*** Begin section ***
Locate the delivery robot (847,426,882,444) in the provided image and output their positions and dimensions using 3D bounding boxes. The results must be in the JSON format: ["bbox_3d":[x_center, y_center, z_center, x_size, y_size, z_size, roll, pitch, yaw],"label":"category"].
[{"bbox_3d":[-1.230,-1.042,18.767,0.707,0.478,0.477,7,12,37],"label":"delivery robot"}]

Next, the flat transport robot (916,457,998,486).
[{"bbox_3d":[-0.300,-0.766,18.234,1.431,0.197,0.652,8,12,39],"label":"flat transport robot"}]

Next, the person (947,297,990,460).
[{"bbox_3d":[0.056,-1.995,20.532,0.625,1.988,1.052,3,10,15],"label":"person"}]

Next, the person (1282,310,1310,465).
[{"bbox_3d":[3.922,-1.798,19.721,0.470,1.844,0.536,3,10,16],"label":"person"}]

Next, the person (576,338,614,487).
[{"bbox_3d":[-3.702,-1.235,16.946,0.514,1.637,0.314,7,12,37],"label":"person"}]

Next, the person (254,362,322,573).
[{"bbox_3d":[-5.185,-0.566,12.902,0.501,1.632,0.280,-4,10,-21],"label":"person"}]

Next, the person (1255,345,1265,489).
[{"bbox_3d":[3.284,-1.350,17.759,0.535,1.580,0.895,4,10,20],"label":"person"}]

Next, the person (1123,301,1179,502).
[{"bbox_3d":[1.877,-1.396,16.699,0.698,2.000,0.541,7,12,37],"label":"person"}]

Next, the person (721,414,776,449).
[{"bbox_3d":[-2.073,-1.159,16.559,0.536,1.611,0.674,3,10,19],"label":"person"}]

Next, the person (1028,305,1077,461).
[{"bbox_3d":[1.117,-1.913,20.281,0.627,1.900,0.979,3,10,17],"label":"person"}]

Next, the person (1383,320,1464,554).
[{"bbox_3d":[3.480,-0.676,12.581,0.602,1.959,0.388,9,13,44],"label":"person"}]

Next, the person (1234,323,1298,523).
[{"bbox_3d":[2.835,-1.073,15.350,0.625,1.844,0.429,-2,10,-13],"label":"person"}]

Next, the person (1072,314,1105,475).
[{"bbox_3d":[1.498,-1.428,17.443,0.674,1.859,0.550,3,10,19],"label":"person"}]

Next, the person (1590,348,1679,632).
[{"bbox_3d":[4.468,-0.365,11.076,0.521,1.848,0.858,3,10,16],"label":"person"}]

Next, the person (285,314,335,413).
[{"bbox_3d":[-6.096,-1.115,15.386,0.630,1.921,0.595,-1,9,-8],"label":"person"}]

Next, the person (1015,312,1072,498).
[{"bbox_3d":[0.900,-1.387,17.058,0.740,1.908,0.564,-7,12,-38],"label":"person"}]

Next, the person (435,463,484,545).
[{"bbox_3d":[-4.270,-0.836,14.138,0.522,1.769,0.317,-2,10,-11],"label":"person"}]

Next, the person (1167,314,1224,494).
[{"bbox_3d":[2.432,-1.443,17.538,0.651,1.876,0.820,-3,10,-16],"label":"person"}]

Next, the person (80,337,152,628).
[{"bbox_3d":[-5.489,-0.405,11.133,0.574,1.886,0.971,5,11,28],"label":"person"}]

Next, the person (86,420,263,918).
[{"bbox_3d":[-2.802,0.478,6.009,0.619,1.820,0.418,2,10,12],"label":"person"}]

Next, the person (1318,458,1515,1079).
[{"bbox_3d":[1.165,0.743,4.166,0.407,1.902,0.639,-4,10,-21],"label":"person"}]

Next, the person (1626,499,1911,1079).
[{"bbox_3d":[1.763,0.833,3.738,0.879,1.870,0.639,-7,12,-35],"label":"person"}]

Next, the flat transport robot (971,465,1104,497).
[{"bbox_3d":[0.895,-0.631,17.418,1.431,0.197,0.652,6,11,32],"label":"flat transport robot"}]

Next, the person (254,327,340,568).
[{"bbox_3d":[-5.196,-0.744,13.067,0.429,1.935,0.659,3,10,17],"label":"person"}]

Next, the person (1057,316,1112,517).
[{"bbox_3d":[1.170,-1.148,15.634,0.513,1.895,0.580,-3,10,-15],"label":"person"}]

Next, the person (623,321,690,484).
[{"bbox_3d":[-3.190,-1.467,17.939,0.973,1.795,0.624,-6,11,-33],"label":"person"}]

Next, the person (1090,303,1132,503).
*** End section ***
**Problem to work on**
Every line above should be reproduced precisely.

**Answer to this exercise**
Locate the delivery robot (847,426,882,444) in the provided image and output their positions and dimensions using 3D bounding boxes. The results must be in the JSON format: ["bbox_3d":[x_center, y_center, z_center, x_size, y_size, z_size, roll, pitch, yaw],"label":"category"].
[{"bbox_3d":[-1.230,-1.042,18.767,0.707,0.478,0.477,7,12,37],"label":"delivery robot"}]

Next, the flat transport robot (916,457,998,486).
[{"bbox_3d":[-0.300,-0.766,18.234,1.431,0.197,0.652,8,12,39],"label":"flat transport robot"}]

Next, the person (947,297,990,460).
[{"bbox_3d":[0.056,-1.995,20.532,0.625,1.988,1.052,3,10,15],"label":"person"}]

Next, the person (1282,310,1310,465).
[{"bbox_3d":[3.922,-1.798,19.721,0.470,1.844,0.536,3,10,16],"label":"person"}]

Next, the person (576,338,614,487).
[{"bbox_3d":[-3.702,-1.235,16.946,0.514,1.637,0.314,7,12,37],"label":"person"}]

Next, the person (254,362,322,573).
[{"bbox_3d":[-5.185,-0.566,12.902,0.501,1.632,0.280,-4,10,-21],"label":"person"}]

Next, the person (1255,345,1265,489).
[{"bbox_3d":[3.284,-1.350,17.759,0.535,1.580,0.895,4,10,20],"label":"person"}]

Next, the person (1123,301,1179,502).
[{"bbox_3d":[1.877,-1.396,16.699,0.698,2.000,0.541,7,12,37],"label":"person"}]

Next, the person (721,414,776,449).
[{"bbox_3d":[-2.073,-1.159,16.559,0.536,1.611,0.674,3,10,19],"label":"person"}]

Next, the person (1028,305,1077,461).
[{"bbox_3d":[1.117,-1.913,20.281,0.627,1.900,0.979,3,10,17],"label":"person"}]

Next, the person (1383,320,1464,554).
[{"bbox_3d":[3.480,-0.676,12.581,0.602,1.959,0.388,9,13,44],"label":"person"}]

Next, the person (1234,323,1298,523).
[{"bbox_3d":[2.835,-1.073,15.350,0.625,1.844,0.429,-2,10,-13],"label":"person"}]

Next, the person (1072,314,1105,475).
[{"bbox_3d":[1.498,-1.428,17.443,0.674,1.859,0.550,3,10,19],"label":"person"}]

Next, the person (1590,348,1679,632).
[{"bbox_3d":[4.468,-0.365,11.076,0.521,1.848,0.858,3,10,16],"label":"person"}]

Next, the person (285,314,335,413).
[{"bbox_3d":[-6.096,-1.115,15.386,0.630,1.921,0.595,-1,9,-8],"label":"person"}]

Next, the person (1015,312,1072,498).
[{"bbox_3d":[0.900,-1.387,17.058,0.740,1.908,0.564,-7,12,-38],"label":"person"}]

Next, the person (435,463,484,545).
[{"bbox_3d":[-4.270,-0.836,14.138,0.522,1.769,0.317,-2,10,-11],"label":"person"}]

Next, the person (1167,314,1224,494).
[{"bbox_3d":[2.432,-1.443,17.538,0.651,1.876,0.820,-3,10,-16],"label":"person"}]

Next, the person (80,337,152,628).
[{"bbox_3d":[-5.489,-0.405,11.133,0.574,1.886,0.971,5,11,28],"label":"person"}]

Next, the person (86,420,263,918).
[{"bbox_3d":[-2.802,0.478,6.009,0.619,1.820,0.418,2,10,12],"label":"person"}]

Next, the person (1318,458,1515,1079).
[{"bbox_3d":[1.165,0.743,4.166,0.407,1.902,0.639,-4,10,-21],"label":"person"}]

Next, the person (1626,499,1911,1079).
[{"bbox_3d":[1.763,0.833,3.738,0.879,1.870,0.639,-7,12,-35],"label":"person"}]

Next, the flat transport robot (971,465,1104,497).
[{"bbox_3d":[0.895,-0.631,17.418,1.431,0.197,0.652,6,11,32],"label":"flat transport robot"}]

Next, the person (254,327,340,568).
[{"bbox_3d":[-5.196,-0.744,13.067,0.429,1.935,0.659,3,10,17],"label":"person"}]

Next, the person (1057,316,1112,517).
[{"bbox_3d":[1.170,-1.148,15.634,0.513,1.895,0.580,-3,10,-15],"label":"person"}]

Next, the person (623,321,690,484).
[{"bbox_3d":[-3.190,-1.467,17.939,0.973,1.795,0.624,-6,11,-33],"label":"person"}]

Next, the person (1090,303,1132,503).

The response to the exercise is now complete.